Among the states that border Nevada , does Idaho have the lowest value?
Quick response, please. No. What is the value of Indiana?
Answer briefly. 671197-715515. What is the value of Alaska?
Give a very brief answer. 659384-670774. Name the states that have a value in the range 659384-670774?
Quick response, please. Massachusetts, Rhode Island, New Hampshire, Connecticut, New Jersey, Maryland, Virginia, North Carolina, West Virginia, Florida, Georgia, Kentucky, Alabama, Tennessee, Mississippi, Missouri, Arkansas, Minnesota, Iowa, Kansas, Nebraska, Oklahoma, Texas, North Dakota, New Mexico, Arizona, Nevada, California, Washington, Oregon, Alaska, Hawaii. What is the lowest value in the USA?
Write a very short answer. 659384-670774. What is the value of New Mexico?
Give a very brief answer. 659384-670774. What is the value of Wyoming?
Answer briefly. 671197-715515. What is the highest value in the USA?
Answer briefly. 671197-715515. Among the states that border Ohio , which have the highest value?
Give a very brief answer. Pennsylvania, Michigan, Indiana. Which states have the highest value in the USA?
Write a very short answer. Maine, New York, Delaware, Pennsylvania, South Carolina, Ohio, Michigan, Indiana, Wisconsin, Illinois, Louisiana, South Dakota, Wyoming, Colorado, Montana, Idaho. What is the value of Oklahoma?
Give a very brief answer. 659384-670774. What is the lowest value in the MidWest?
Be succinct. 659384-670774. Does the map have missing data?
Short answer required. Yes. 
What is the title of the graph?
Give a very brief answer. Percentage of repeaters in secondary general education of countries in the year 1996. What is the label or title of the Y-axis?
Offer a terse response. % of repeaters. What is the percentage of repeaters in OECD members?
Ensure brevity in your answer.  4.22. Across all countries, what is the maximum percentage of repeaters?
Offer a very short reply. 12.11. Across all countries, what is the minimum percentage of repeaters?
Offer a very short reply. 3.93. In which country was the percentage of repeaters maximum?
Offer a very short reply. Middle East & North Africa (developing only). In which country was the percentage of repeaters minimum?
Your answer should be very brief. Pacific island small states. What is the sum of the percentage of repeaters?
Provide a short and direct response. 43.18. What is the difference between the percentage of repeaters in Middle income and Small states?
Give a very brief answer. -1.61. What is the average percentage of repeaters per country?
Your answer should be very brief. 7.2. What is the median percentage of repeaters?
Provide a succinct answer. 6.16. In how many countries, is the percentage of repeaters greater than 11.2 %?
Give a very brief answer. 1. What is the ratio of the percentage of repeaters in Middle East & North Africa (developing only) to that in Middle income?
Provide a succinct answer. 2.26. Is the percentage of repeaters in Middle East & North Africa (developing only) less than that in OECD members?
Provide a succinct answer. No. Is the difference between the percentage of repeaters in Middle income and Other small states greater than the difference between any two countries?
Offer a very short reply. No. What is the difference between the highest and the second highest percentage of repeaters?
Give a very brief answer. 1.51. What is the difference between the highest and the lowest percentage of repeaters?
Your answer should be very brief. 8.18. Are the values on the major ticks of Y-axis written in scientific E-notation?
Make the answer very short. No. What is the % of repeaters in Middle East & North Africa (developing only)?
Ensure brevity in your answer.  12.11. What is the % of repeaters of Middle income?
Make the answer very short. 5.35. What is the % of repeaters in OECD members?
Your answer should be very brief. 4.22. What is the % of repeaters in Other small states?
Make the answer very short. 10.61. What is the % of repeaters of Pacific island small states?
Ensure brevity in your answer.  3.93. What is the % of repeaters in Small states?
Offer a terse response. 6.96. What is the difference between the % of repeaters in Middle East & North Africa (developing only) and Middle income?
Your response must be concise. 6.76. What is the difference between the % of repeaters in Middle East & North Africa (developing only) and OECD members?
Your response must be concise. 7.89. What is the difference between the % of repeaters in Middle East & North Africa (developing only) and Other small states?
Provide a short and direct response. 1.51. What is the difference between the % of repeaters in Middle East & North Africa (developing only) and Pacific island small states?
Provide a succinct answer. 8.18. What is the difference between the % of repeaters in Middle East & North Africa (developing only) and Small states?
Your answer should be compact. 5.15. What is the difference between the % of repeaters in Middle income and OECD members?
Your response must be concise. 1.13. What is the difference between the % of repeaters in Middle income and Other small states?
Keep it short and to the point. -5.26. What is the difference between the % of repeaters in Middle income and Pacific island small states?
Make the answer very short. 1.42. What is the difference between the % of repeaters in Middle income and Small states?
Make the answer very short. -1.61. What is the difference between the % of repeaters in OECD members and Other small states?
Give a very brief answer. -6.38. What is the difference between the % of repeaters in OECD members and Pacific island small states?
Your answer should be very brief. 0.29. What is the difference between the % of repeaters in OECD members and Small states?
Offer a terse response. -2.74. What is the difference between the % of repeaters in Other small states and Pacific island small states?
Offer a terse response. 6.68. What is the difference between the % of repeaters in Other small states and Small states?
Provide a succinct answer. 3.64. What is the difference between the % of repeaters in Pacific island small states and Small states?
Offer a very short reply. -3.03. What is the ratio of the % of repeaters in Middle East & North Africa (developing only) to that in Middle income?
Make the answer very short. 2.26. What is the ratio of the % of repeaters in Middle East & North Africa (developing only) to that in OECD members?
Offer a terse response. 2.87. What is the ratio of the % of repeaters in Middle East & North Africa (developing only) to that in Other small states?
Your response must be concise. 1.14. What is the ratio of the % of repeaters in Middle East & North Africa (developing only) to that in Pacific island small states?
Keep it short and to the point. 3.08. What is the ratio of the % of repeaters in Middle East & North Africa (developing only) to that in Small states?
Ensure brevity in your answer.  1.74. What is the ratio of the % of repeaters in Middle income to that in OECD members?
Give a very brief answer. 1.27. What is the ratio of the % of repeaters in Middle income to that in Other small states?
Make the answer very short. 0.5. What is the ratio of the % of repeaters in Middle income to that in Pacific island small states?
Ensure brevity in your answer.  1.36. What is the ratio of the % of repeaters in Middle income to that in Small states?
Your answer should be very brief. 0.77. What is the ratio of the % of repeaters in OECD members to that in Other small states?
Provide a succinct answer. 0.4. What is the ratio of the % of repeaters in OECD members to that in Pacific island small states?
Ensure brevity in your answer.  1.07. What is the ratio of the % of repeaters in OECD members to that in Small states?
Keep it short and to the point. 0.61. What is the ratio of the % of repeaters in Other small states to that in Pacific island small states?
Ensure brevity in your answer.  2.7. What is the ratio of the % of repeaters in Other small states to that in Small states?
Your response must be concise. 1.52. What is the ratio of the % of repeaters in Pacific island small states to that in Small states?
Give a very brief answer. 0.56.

## Work task
Each line of the material above needs to be returned exactly as written.

## Output of the exercise
Among the states that border Nevada , does Idaho have the lowest value?
Quick response, please. No. What is the value of Indiana?
Answer briefly. 671197-715515. What is the value of Alaska?
Give a very brief answer. 659384-670774. Name the states that have a value in the range 659384-670774?
Quick response, please. Massachusetts, Rhode Island, New Hampshire, Connecticut, New Jersey, Maryland, Virginia, North Carolina, West Virginia, Florida, Georgia, Kentucky, Alabama, Tennessee, Mississippi, Missouri, Arkansas, Minnesota, Iowa, Kansas, Nebraska, Oklahoma, Texas, North Dakota, New Mexico, Arizona, Nevada, California, Washington, Oregon, Alaska, Hawaii. What is the lowest value in the USA?
Write a very short answer. 659384-670774. What is the value of New Mexico?
Give a very brief answer. 659384-670774. What is the value of Wyoming?
Answer briefly. 671197-715515. What is the highest value in the USA?
Answer briefly. 671197-715515. Among the states that border Ohio , which have the highest value?
Give a very brief answer. Pennsylvania, Michigan, Indiana. Which states have the highest value in the USA?
Write a very short answer. Maine, New York, Delaware, Pennsylvania, South Carolina, Ohio, Michigan, Indiana, Wisconsin, Illinois, Louisiana, South Dakota, Wyoming, Colorado, Montana, Idaho. What is the value of Oklahoma?
Give a very brief answer. 659384-670774. What is the lowest value in the MidWest?
Be succinct. 659384-670774. Does the map have missing data?
Short answer required. Yes. 
What is the title of the graph?
Give a very brief answer. Percentage of repeaters in secondary general education of countries in the year 1996. What is the label or title of the Y-axis?
Offer a terse response. % of repeaters. What is the percentage of repeaters in OECD members?
Ensure brevity in your answer.  4.22. Across all countries, what is the maximum percentage of repeaters?
Offer a very short reply. 12.11. Across all countries, what is the minimum percentage of repeaters?
Offer a very short reply. 3.93. In which country was the percentage of repeaters maximum?
Offer a very short reply. Middle East & North Africa (developing only). In which country was the percentage of repeaters minimum?
Your answer should be very brief. Pacific island small states. What is the sum of the percentage of repeaters?
Provide a short and direct response. 43.18. What is the difference between the percentage of repeaters in Middle income and Small states?
Give a very brief answer. -1.61. What is the average percentage of repeaters per country?
Your answer should be very brief. 7.2. What is the median percentage of repeaters?
Provide a succinct answer. 6.16. In how many countries, is the percentage of repeaters greater than 11.2 %?
Give a very brief answer. 1. What is the ratio of the percentage of repeaters in Middle East & North Africa (developing only) to that in Middle income?
Provide a succinct answer. 2.26. Is the percentage of repeaters in Middle East & North Africa (developing only) less than that in OECD members?
Provide a succinct answer. No. Is the difference between the percentage of repeaters in Middle income and Other small states greater than the difference between any two countries?
Offer a very short reply. No. What is the difference between the highest and the second highest percentage of repeaters?
Give a very brief answer. 1.51. What is the difference between the highest and the lowest percentage of repeaters?
Your answer should be very brief. 8.18. Are the values on the major ticks of Y-axis written in scientific E-notation?
Make the answer very short. No. What is the % of repeaters in Middle East & North Africa (developing only)?
Ensure brevity in your answer.  12.11. What is the % of repeaters of Middle income?
Make the answer very short. 5.35. What is the % of repeaters in OECD members?
Your answer should be very brief. 4.22. What is the % of repeaters in Other small states?
Make the answer very short. 10.61. What is the % of repeaters of Pacific island small states?
Ensure brevity in your answer.  3.93. What is the % of repeaters in Small states?
Offer a terse response. 6.96. What is the difference between the % of repeaters in Middle East & North Africa (developing only) and Middle income?
Your response must be concise. 6.76. What is the difference between the % of repeaters in Middle East & North Africa (developing only) and OECD members?
Your response must be concise. 7.89. What is the difference between the % of repeaters in Middle East & North Africa (developing only) and Other small states?
Provide a short and direct response. 1.51. What is the difference between the % of repeaters in Middle East & North Africa (developing only) and Pacific island small states?
Provide a succinct answer. 8.18. What is the difference between the % of repeaters in Middle East & North Africa (developing only) and Small states?
Your answer should be compact. 5.15. What is the difference between the % of repeaters in Middle income and OECD members?
Your response must be concise. 1.13. What is the difference between the % of repeaters in Middle income and Other small states?
Keep it short and to the point. -5.26. What is the difference between the % of repeaters in Middle income and Pacific island small states?
Make the answer very short. 1.42. What is the difference between the % of repeaters in Middle income and Small states?
Make the answer very short. -1.61. What is the difference between the % of repeaters in OECD members and Other small states?
Give a very brief answer. -6.38. What is the difference between the % of repeaters in OECD members and Pacific island small states?
Your answer should be very brief. 0.29. What is the difference between the % of repeaters in OECD members and Small states?
Offer a terse response. -2.74. What is the difference between the % of repeaters in Other small states and Pacific island small states?
Offer a terse response. 6.68. What is the difference between the % of repeaters in Other small states and Small states?
Provide a succinct answer. 3.64. What is the difference between the % of repeaters in Pacific island small states and Small states?
Offer a very short reply. -3.03. What is the ratio of the % of repeaters in Middle East & North Africa (developing only) to that in Middle income?
Make the answer very short. 2.26. What is the ratio of the % of repeaters in Middle East & North Africa (developing only) to that in OECD members?
Offer a terse response. 2.87. What is the ratio of the % of repeaters in Middle East & North Africa (developing only) to that in Other small states?
Your response must be concise. 1.14. What is the ratio of the % of repeaters in Middle East & North Africa (developing only) to that in Pacific island small states?
Keep it short and to the point. 3.08. What is the ratio of the % of repeaters in Middle East & North Africa (developing only) to that in Small states?
Ensure brevity in your answer.  1.74. What is the ratio of the % of repeaters in Middle income to that in OECD members?
Give a very brief answer. 1.27. What is the ratio of the % of repeaters in Middle income to that in Other small states?
Make the answer very short. 0.5. What is the ratio of the % of repeaters in Middle income to that in Pacific island small states?
Ensure brevity in your answer.  1.36. What is the ratio of the % of repeaters in Middle income to that in Small states?
Your answer should be very brief. 0.77. What is the ratio of the % of repeaters in OECD members to that in Other small states?
Provide a succinct answer. 0.4. What is the ratio of the % of repeaters in OECD members to that in Pacific island small states?
Ensure brevity in your answer.  1.07. What is the ratio of the % of repeaters in OECD members to that in Small states?
Keep it short and to the point. 0.61. What is the ratio of the % of repeaters in Other small states to that in Pacific island small states?
Ensure brevity in your answer.  2.7. What is the ratio of the % of repeaters in Other small states to that in Small states?
Your response must be concise. 1.52. What is the ratio of the % of repeaters in Pacific island small states to that in Small states?
Give a very brief answer. 0.56.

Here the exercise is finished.